We next define the normalized projected Fisher matrix (which is the m × m square matrix)
$${\bar \Gamma _n}({\rm{a}},\xi): = {{\bar \Gamma ({\rm{a,}}\xi)} \over {\rho {{({\rm{a,}}\xi)}^2}}},$$
(78)
where ρ is the signal-to-noise ratio. Making use of the definition (77) and Eqs. (71)–(72) we can show that the components of this matrix can be written in the form
$$({\bar \Gamma _n}{({\rm{a}},\xi)_{\mathcal{A}\mathcal{B}}}) = {{{{\rm{a}}^{\rm{T}}} \cdot {{\rm{A}}_{(\mathcal{A}\mathcal{B})}}(\xi) \cdot {\rm{a}}} \over {{{\rm{a}}^{\rm{T}}} \cdot {\rm{M(}}\xi) \cdot {\rm{a}}}},\mathcal{A},\mathcal{B} = 1, \ldots, m,$$
(79)
where \({{\rm{A}}_{({\mathcal A}{\mathcal B})}}\) is the n × n matrix defined as
$${{\rm{A}}_{(\mathcal{A}\mathcal{B})}}(\xi): = {S_{(\mathcal{A}\mathcal{B})}}(\xi) - {{\rm{F}}_{(\mathcal{A})}}{(\xi)^{\rm{T}}} \cdot {\rm{M(}}\xi)^{- 1} \cdot {{\rm{F}}_{(B)}}(\xi),\,\mathcal{A},\mathcal{B} = 1, \ldots, m.$$
(80)
From the Rayleigh principle [90] it follows that the minimum value of the component \({({{\bar \Gamma}_n}({\rm{a}},\xi))_{{\mathcal A}{\mathcal B}}}\) is given by the smallest eigenvalue of the matrix \({{\rm{M}}^{- 1}} \cdot {{\rm{A}}_{({\mathcal A}{\mathcal B})}}\). Similarly, the maximum value of the component \({({{\bar \Gamma}_n}({\rm{a}},\xi))_{{\mathcal A}{\mathcal B}}}\) is given by the largest eigenvalue of that matrix.

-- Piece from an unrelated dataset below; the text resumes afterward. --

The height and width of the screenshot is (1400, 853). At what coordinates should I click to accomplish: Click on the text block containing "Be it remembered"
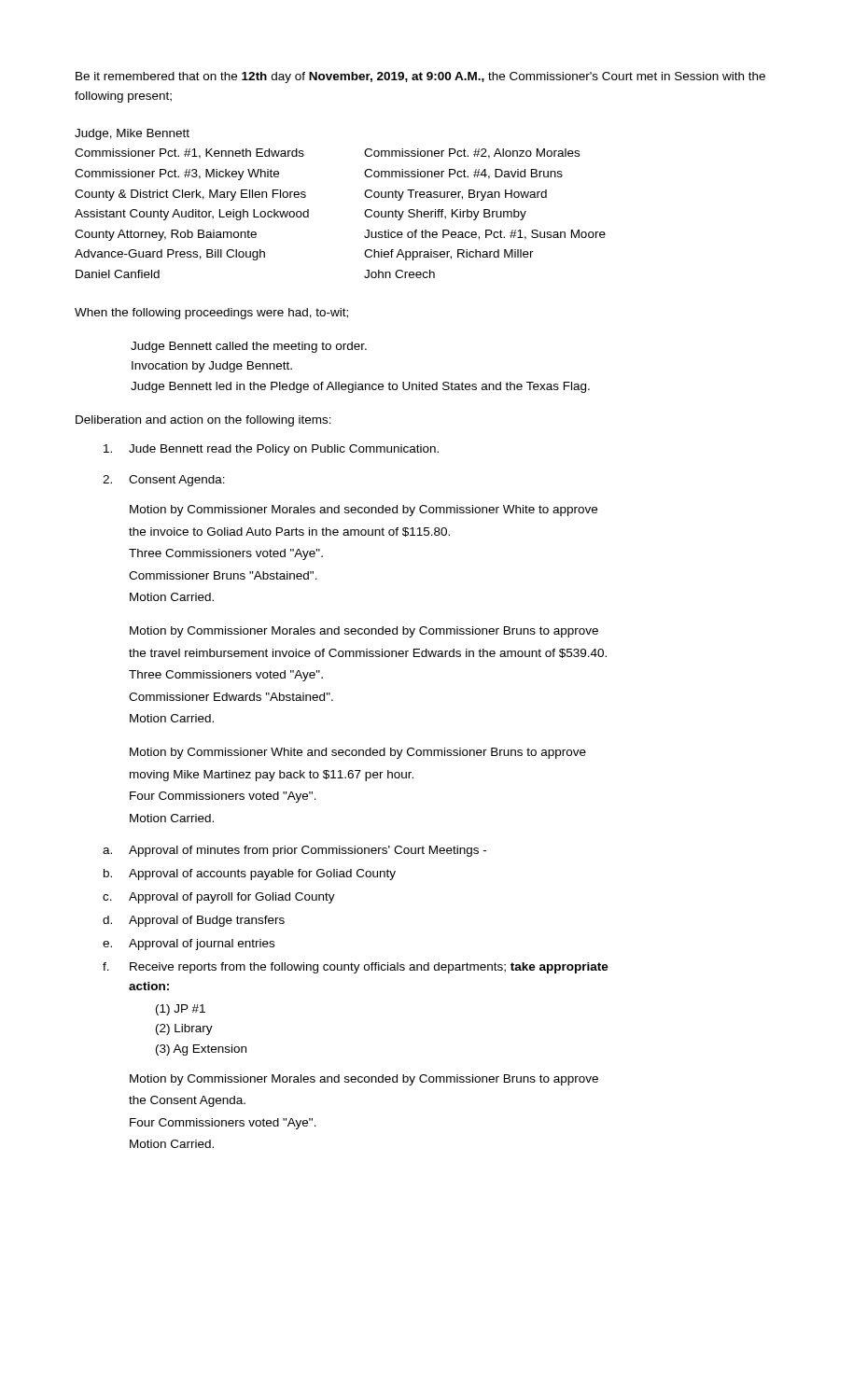(420, 86)

Because the trace of a matrix is equal to the sum of its eigenvalues, the m × m square matrix \({\tilde \Gamma}\) with components
$${(\tilde \Gamma (\xi))_{\mathcal{A}\mathcal{B}}}: = {1 \over n}{\rm{Tr(M(}}\xi)^{- 1} \cdot {{\rm{A}}_{(\mathcal{A}\mathcal{B})}}(\xi)),\,\mathcal{A},\mathcal{B} = 1, \ldots, m.$$
(81)
expresses the information available about the intrinsic parameters, averaged over the possible values of the extrinsic parameters. Note that the factor 1/n is specific to the case of n extrinsic parameters. We shall call \({\tilde \Gamma}\) the reduced Fisher matrix. This matrix is a function of the intrinsic parameters alone. We shall see that the reduced Fisher matrix plays a key role in the signal processing theory that we present here. It is used in the calculation of the threshold for statistically significant detection and in the formula for the number of templates needed to do a given search.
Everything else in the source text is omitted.